Python data preparation recipes. Each corpus has a dedicated Python file in lhotse/recipes, which you can use as the basis for your own recipe.

Hint

(optional) Downloading utility. For publicly available corpora that can be freely downloaded, we usually define a function called download_<corpus-name>().

Hint

Data preparation Python entry-point. Each data preparation recipe should expose a single function called prepare_<corpus-name>, that produces dicts like: {'recordings': <RecordingSet>, 'supervisions': <SupervisionSet>}.

Hint

CLI recipe wrappers. We provide a command-line interface that wraps the download and prepare functions -- see lhotse/bin/modes/recipes for examples of how to do it.

Hint

Pre-defined train/dev/test splits. When a corpus defines standard split (e.g. train/dev/test), we return a dict with the following structure: {'train': {'recordings': <RecordingSet>, 'supervisions': <SupervisionSet>}, 'dev': ...}

Hint

Manifest naming convention.

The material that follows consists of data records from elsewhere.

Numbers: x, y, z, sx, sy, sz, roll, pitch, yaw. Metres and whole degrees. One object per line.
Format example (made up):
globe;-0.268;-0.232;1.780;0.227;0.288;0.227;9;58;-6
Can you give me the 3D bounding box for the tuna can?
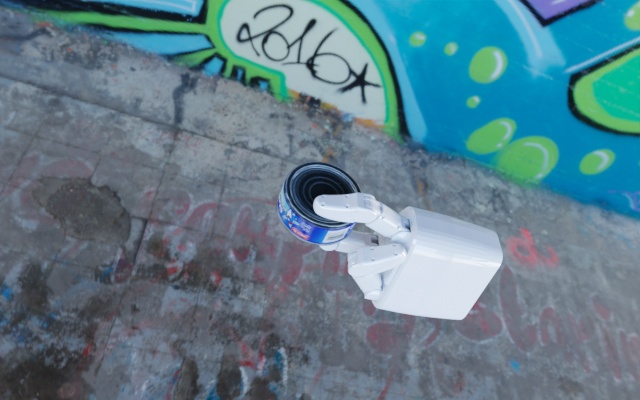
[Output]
tuna can;0.000;0.001;0.492;0.086;0.086;0.034;0;-36;-21

The default naming convention is <corpus-name>_<manifest-type>_<split>.jsonl.gz, i.e., we save the manifests in a compressed JSONL file. Here, <manifest-type> can be recordings, supervisions, etc., and <split> can be train, dev, test, etc. In case the corpus has no such split defined, we can use all as default. Other information, e.g., mic type, language, etc. may be included in the <corpus-name>. Some examples are: cmu-indic_recordings_all.jsonl.gz, ami-ihm_supervisions_dev.jsonl.gz, mtedx-english_recordings_train.jsonl.gz.

Hint

Isolated utterance corpora. Some corpora (like LibriSpeech) come with pre-segmented recordings. In these cases, the ~lhotse.supervision.SupervisionSegment will exactly match the ~lhotse.recording.Recording duration (and there will likely be exactly one segment corresponding to any recording).

Hint

Conversational corpora. Corpora with longer recordings (e.g. conversational, like Switchboard) should have exactly one ~lhotse.audio.Recording object corresponding to a single conversation/session, that spans its whole duration. Each speech segment in that recording should be represented as a ~lhotse.supervision.SupervisionSegment with the same recording_id value.

Hint

Multi-channel corpora. Corpora with multiple channels for each session (e.g. AMI) should have a single ~lhotse.audio.Recording with multiple ~lhotse.audio.AudioSource objects --each corresponding to a separate channel. Remember to make the ~lhotse.supervision.SupervisionSegment objects correspond to the right channels!